Took some new piccies of my big boy on Sunday





































and my favorite...


----------



## Small_Town_Girl (Feb 15, 2008)

Wow, he reminds me somewhat of Lucy...










He's very pretty and even has a sense of fashion and style! :wink:


----------



## PoptartShop (Jul 25, 2010)

He's gorgeous. I'm in love with his coloring, too!!


----------



## FGRanch (Feb 9, 2008)

He looks great! Have you been riding him lately.


----------



## kitten_Val (Apr 25, 2007)

The one with the hat is great!


----------



## kim_angel (Oct 16, 2007)

I've been riding a little bit around the empty pasture - but not so much this month as its been brutally hot outside. 

:?


----------



## Salty_alydaR (Mar 24, 2008)

ha! i love him with the hat! thats priceless!


----------



## kim_angel (Oct 16, 2007)

Small_Town_Girl said:


> Wow, he reminds me somewhat of Lucy...
> 
> 
> 
> ...



aww they do look very similar


----------



## Kirsti Arndt (Jun 23, 2008)

what a beautiful face he has-nice touch with the hat it suits him.


----------



## mlkarel2010 (Jan 27, 2008)

I love the facial expressions he has! And the hat, omg, that's adorable!


----------



## geewillikers (May 4, 2008)

Uh, Lucy looks mighty skinny....


----------



## appylover31803 (Sep 18, 2007)

he's gorgeous! How do you manage to keep him so clean??
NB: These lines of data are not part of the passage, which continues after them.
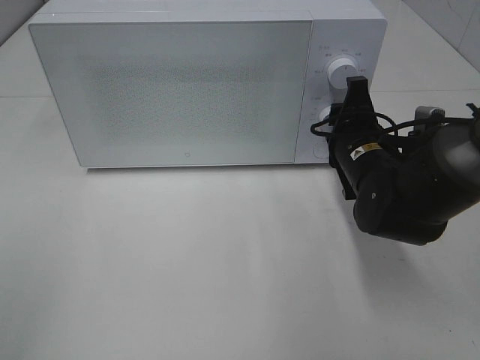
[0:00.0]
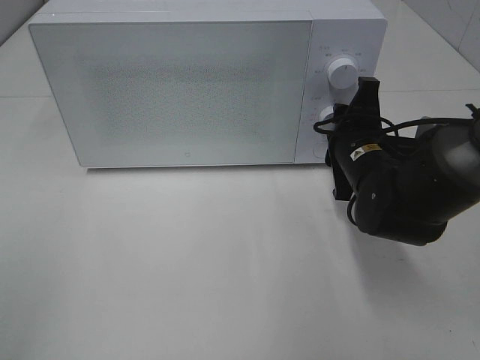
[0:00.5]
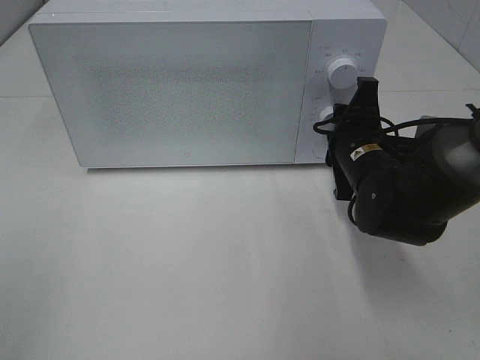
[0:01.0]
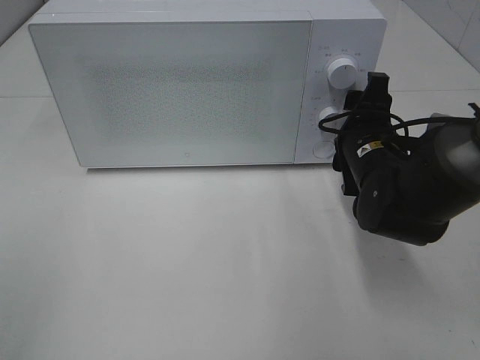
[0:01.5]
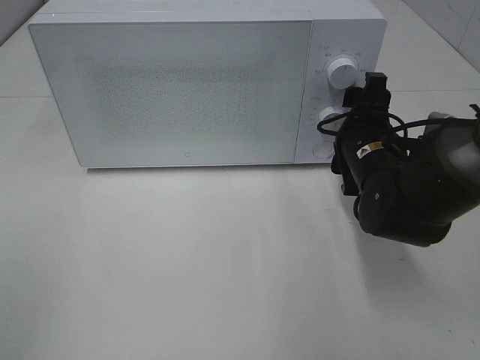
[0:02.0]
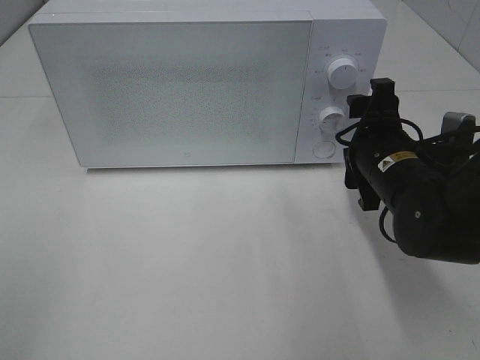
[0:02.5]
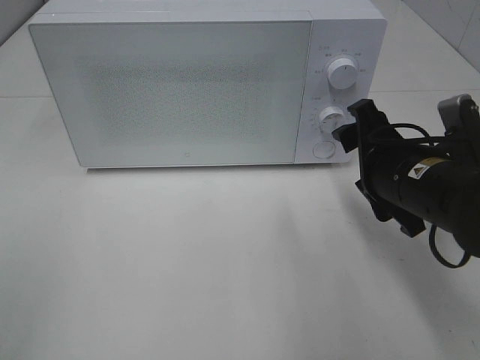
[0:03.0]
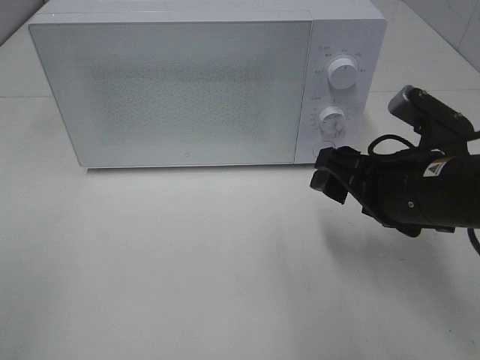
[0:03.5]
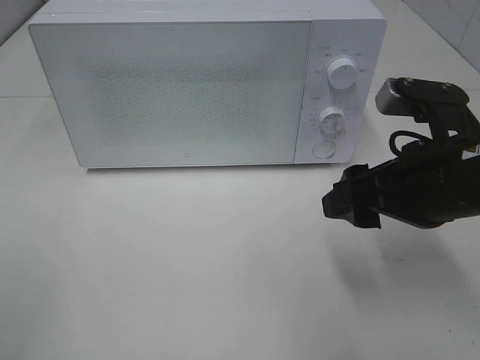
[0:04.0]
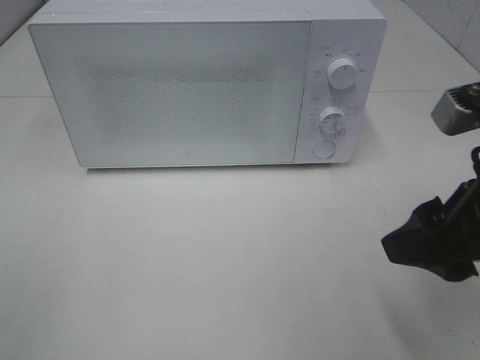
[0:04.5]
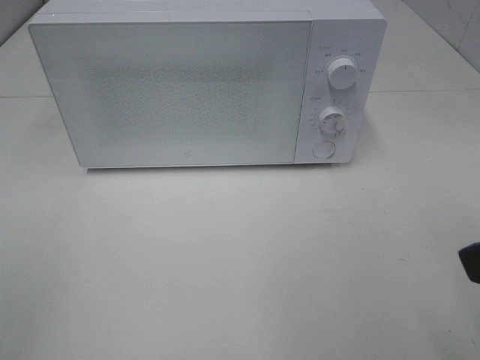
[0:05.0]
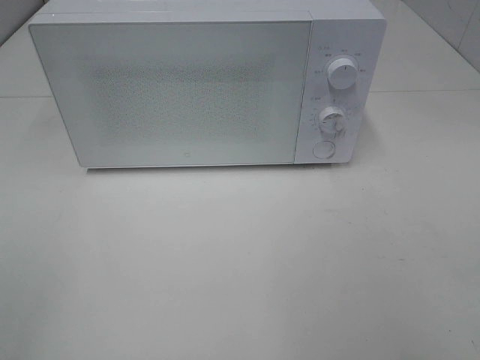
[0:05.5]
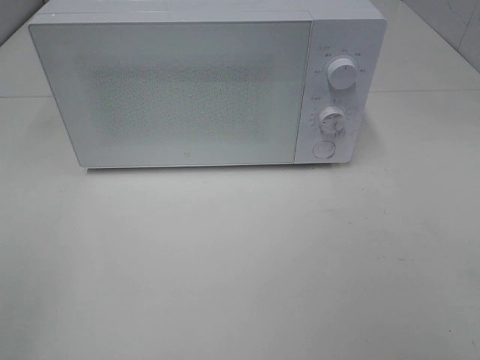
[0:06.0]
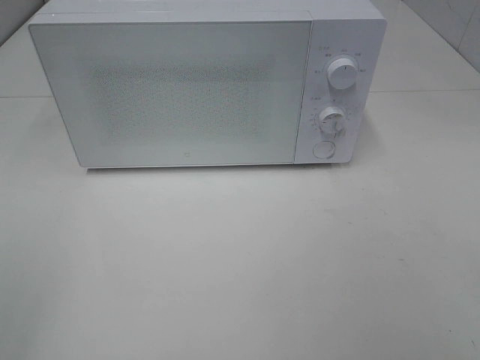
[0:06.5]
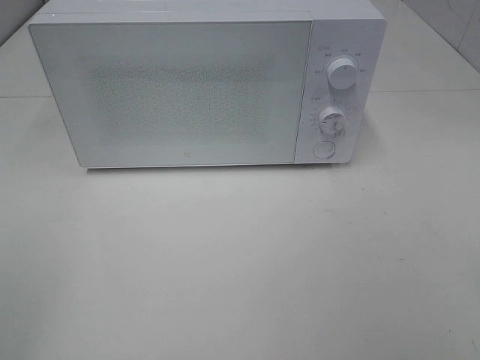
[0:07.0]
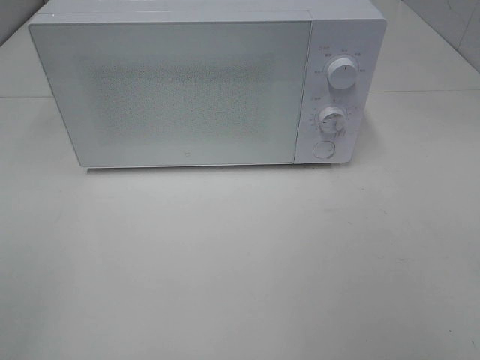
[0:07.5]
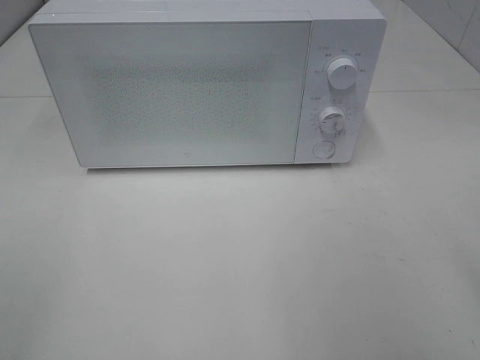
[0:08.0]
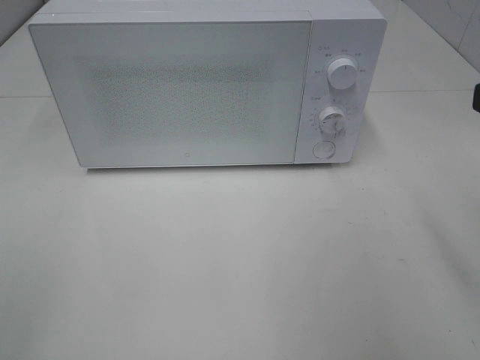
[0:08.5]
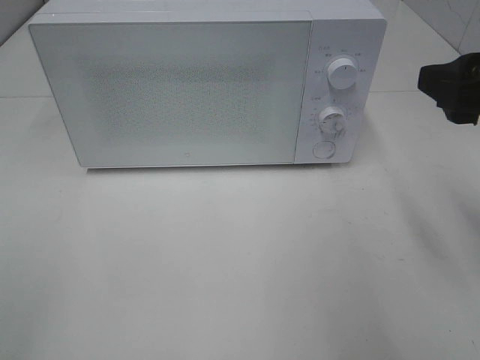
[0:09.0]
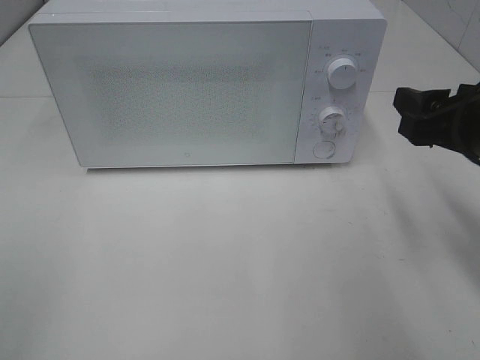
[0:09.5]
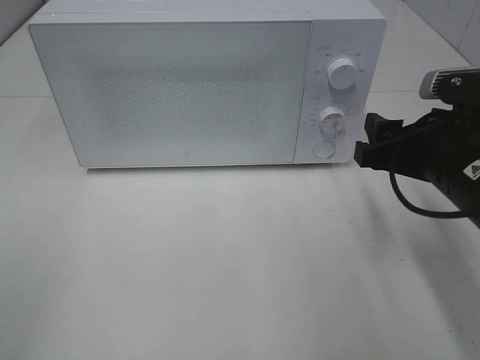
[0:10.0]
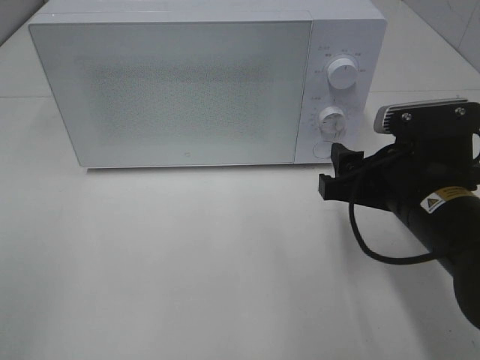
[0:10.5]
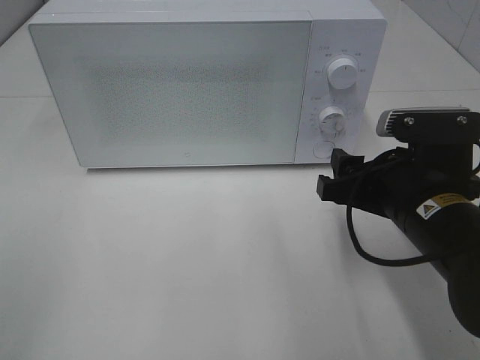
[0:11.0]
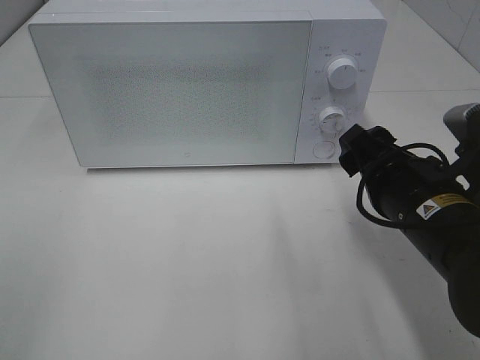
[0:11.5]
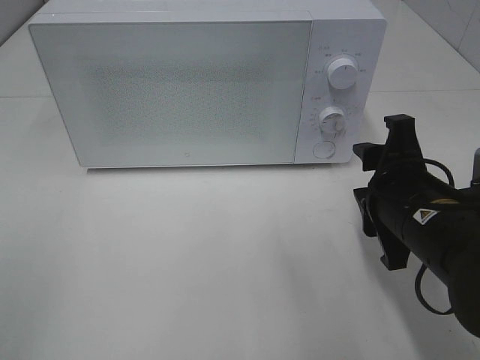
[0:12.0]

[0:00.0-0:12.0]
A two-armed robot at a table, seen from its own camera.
Task of the whole recording: Heat Sandwich.
0:00.0 to 0:02.0: The right gripper opens its fingers.
0:02.0 to 0:04.0: The right gripper is displaced backward and upward by roughly 15 cm.
0:04.0 to 0:06.0: The right gripper is displaced backward, to the right and upward by roughly 25 cm.
0:08.0 to 0:10.0: The right gripper travels forward, downward and to the left by roughly 20 cm.
0:10.0 to 0:12.0: The right gripper changes place by some 5 cm.

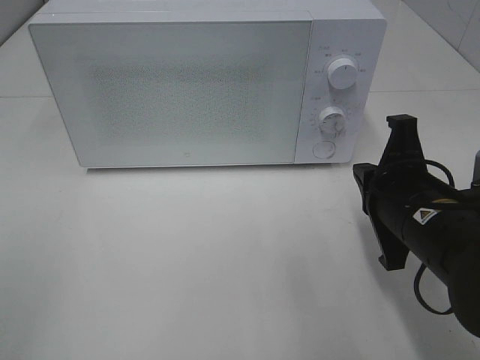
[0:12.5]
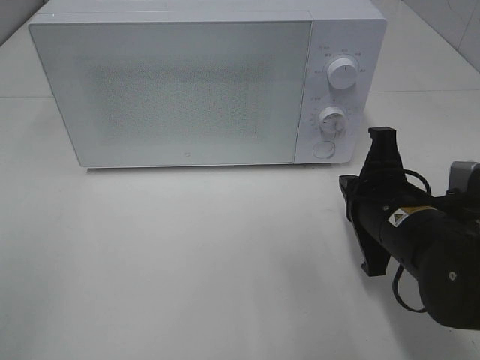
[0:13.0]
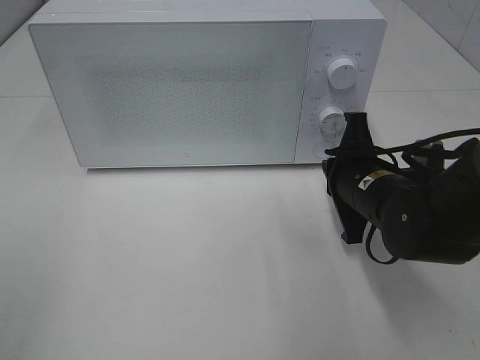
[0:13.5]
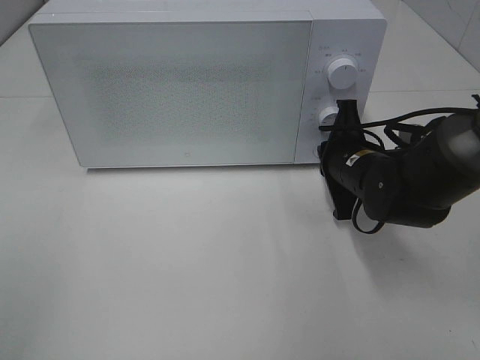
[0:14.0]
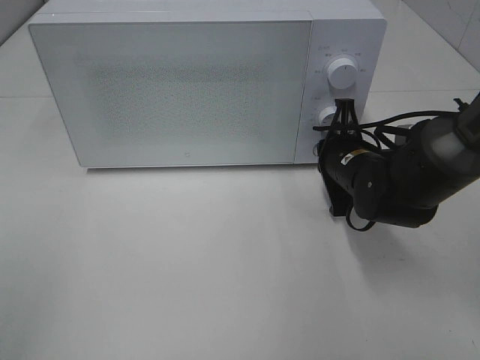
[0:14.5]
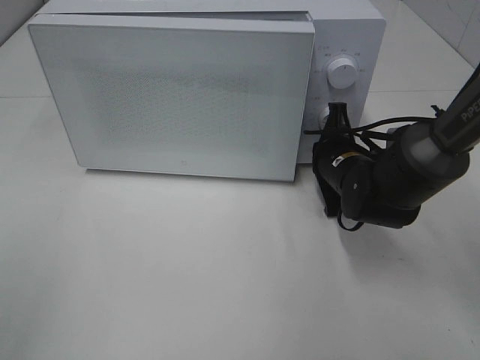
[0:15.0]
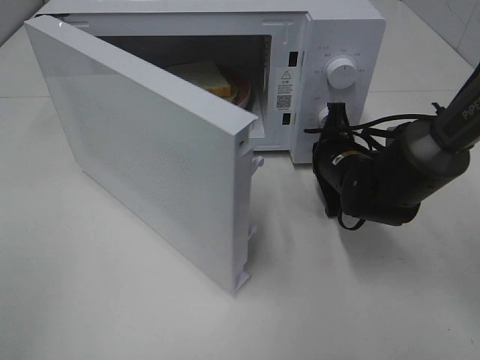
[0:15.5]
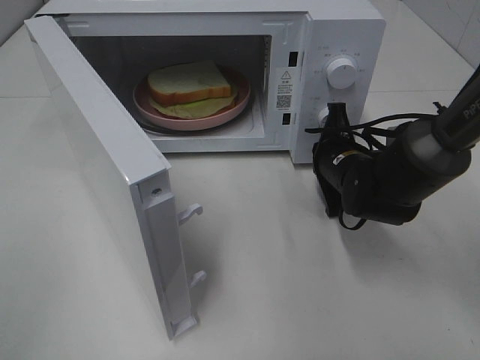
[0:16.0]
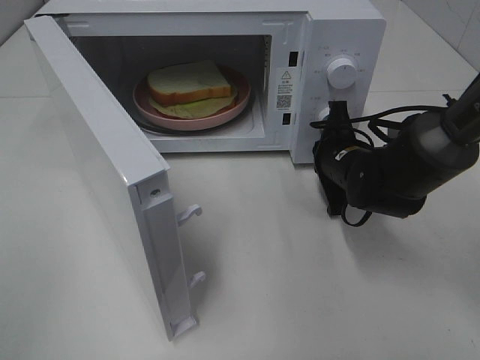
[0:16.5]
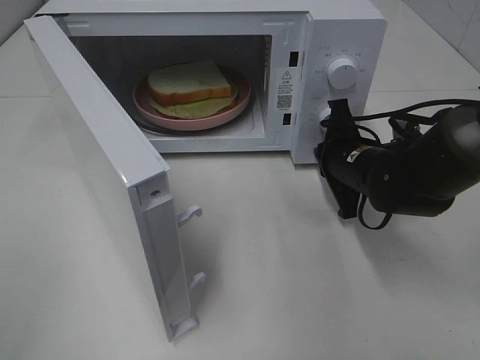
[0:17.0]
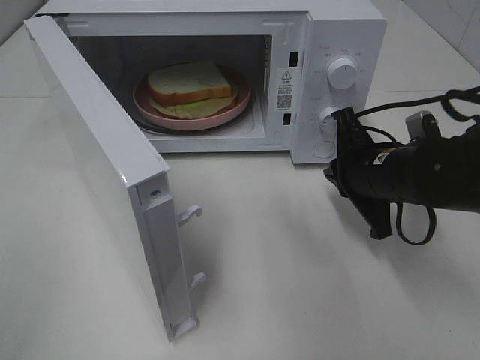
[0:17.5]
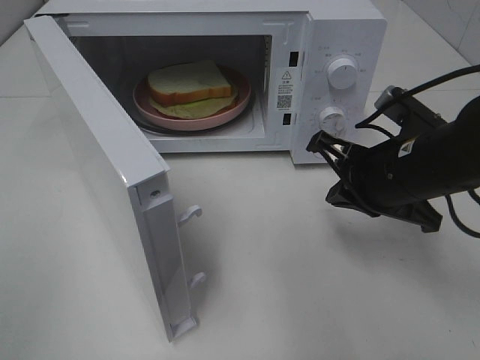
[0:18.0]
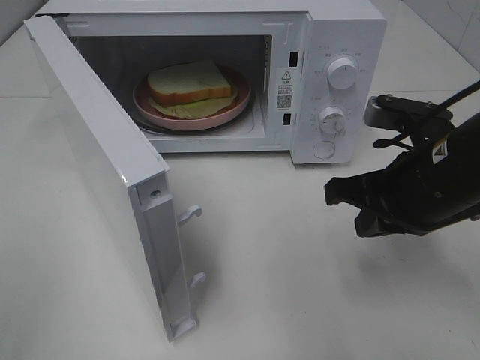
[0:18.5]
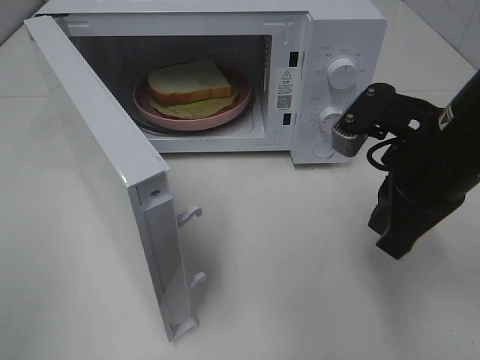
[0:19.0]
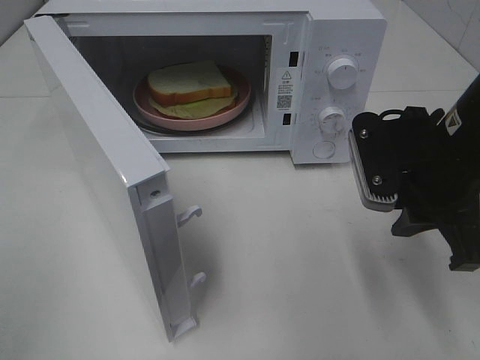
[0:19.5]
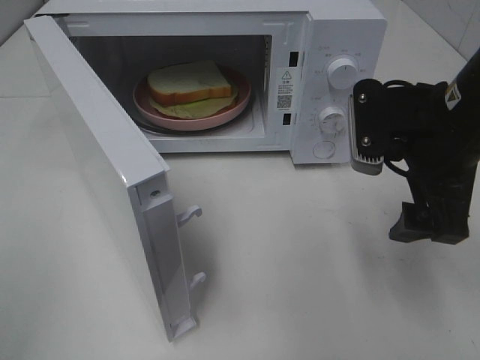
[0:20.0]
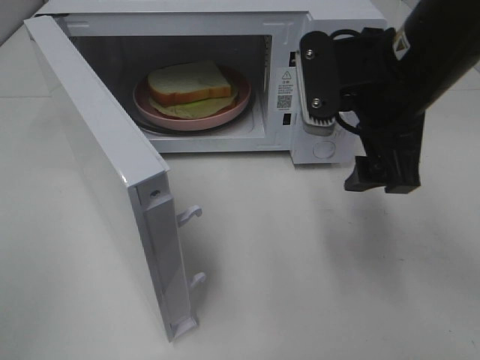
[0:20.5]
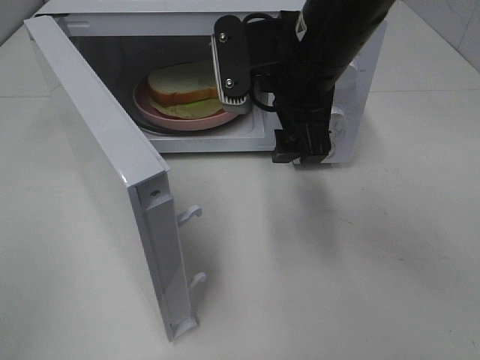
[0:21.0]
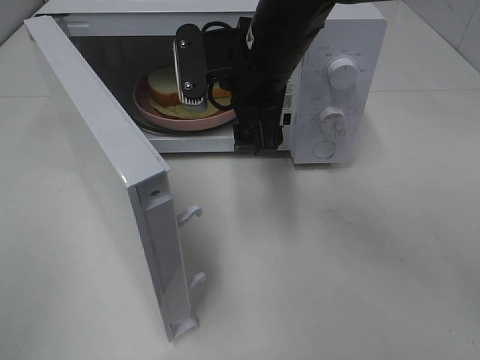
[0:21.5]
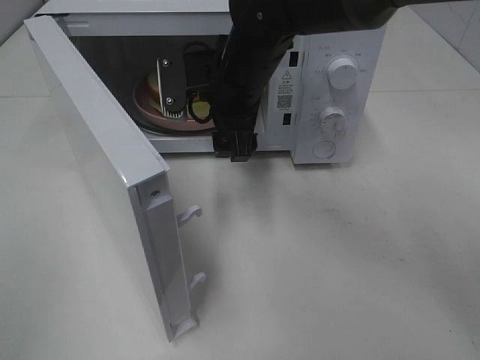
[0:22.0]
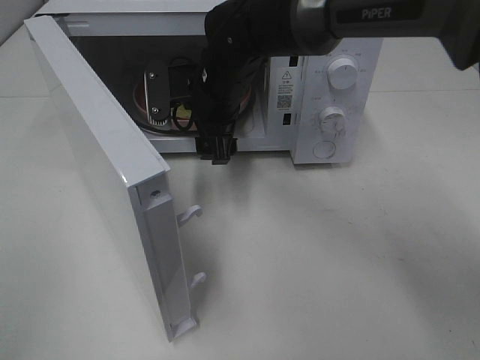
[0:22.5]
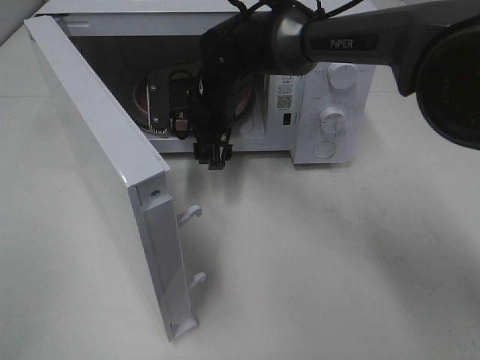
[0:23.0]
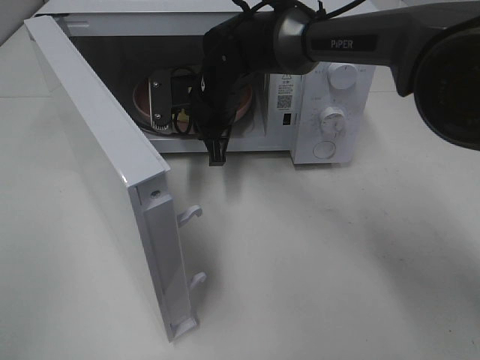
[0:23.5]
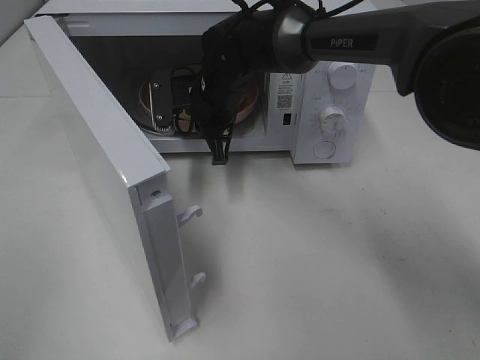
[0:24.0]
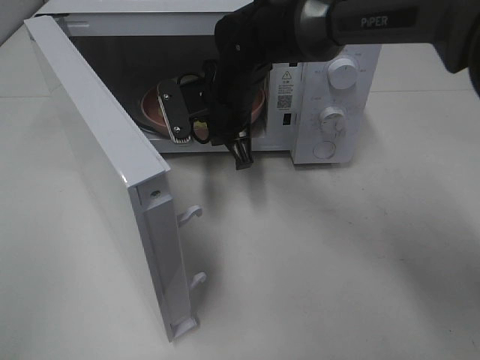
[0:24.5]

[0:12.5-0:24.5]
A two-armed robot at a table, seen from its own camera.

I LOVE the picture with the hat.. it really suits him!


----------



## my2geldings (Feb 18, 2008)

He's a cute horse. If I owned a grey it would be his coloring. Great photos  thanks for sharing them with us


----------



## Small_Town_Girl (Feb 15, 2008)

geewillikers said:


> Uh, Lucy looks mighty skinny....


Uh, Lucy is a *rescue* horse and not mine. :roll:

Also, that is an old picture. All of our horses are taken well
care of.


----------



## geewillikers (May 4, 2008)

Glad she was rescued! 

...just an observation! Not a personal attack.


----------



## Small_Town_Girl (Feb 15, 2008)

geewillikers said:


> Glad she was rescued!
> 
> ...just an observation! Not a personal attack.


I'm glad my grandpa got her also, she was in a very bad
situation and abused. She looks a whole lot better now and
not nearly as wild and crazy as when we first got her. It just
goes to show what a little love and care can do for a horse. 

I understand completely where you are coming from.


----------